Do two wrongs ever make a right when it comes to evidence obtained by hacking or even torture?

Do two wrongs ever make a right when it comes to evidence obtained by hacking or even torture?

With the civil courts confirming they are content to allow parties to deploy as evidence the results of unlawful computer hacking, Michael Drury, Caroline Mair and Andrew Watson consider the issues including for similarly obtained evidence in the criminal courts.

Hacking and theft

In Ras Al Khaimah Investment Authority v Azima [2021] EWCA Civ 349(‘RAKIA’) the civil division of the Court of Appeal confirmed the long-standing rule that relevance of evidence is key to its admissibility, not whether it was obtained lawfully.
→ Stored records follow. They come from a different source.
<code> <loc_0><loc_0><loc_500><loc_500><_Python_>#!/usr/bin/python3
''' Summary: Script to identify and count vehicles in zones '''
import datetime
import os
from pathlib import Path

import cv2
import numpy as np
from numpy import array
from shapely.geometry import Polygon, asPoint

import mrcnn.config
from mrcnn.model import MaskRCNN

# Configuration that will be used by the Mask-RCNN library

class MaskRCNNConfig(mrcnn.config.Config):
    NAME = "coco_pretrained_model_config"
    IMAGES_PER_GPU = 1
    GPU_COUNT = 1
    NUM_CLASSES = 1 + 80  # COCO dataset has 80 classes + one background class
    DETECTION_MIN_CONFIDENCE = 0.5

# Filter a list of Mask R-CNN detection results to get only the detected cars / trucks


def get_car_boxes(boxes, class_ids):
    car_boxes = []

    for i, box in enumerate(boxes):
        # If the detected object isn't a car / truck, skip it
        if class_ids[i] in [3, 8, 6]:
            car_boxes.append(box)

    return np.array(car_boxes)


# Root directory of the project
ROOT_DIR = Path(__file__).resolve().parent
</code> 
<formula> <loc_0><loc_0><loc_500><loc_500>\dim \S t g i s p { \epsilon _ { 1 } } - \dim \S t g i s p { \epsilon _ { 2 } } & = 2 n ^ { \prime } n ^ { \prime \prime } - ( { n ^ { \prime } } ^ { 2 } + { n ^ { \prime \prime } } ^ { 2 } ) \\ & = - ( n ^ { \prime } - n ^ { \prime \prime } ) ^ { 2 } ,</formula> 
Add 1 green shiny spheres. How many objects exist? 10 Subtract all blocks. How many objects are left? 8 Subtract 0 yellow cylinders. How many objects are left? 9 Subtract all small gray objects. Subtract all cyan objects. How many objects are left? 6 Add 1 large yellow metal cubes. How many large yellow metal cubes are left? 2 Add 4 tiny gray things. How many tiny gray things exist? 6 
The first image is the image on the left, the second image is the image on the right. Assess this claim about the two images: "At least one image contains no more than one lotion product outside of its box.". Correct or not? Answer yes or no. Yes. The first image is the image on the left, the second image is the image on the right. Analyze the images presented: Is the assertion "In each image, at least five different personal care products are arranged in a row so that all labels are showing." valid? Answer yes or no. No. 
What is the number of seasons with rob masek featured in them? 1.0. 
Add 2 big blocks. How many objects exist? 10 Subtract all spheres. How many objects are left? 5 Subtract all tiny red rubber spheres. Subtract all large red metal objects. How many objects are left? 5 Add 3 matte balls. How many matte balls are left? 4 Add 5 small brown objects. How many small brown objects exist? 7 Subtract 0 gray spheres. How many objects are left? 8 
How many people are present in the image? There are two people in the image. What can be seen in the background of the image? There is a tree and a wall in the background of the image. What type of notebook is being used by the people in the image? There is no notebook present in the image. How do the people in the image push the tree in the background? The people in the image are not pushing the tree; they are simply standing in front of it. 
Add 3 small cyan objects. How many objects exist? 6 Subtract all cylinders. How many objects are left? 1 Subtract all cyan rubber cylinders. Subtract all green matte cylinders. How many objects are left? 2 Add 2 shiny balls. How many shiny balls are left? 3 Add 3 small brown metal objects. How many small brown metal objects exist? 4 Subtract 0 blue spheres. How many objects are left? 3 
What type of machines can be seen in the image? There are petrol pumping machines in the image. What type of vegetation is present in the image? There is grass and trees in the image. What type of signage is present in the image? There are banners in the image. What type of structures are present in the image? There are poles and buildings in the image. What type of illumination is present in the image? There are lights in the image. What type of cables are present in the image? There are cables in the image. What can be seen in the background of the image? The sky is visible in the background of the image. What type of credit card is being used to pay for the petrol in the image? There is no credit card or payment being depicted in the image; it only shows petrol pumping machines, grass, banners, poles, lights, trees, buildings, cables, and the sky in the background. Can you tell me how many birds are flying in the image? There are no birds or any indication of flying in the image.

As a result, evidence of fraud on the part of Mr Azima, which was said to have been obtained by unlawful ‘hacking’ of his computer, could nonetheless be deployed. The court took the view that refusing to admit the evidence or striking out the claim as an abuse of process would have left Mr Azima with the benefit of his fraudulent conduct. In weighing up the public policy considerations of needing to be seen to provide justice whilst at the same time ensuring that members of the public abide by the law, the court has continued to favour the former, well established by the time of the seminal judgment in  Jones v University of Warwick [2003] EWCA Civ 151. But what bearing does this decision have on the admissibility of illegally obtained evidence in criminal proceedings, especially if sought to be deployed by a defendant? And does this case in any way erode the well-established rule that illegally obtained evidence obtained through torture, will not, under any circumstances, be admitted in evidence?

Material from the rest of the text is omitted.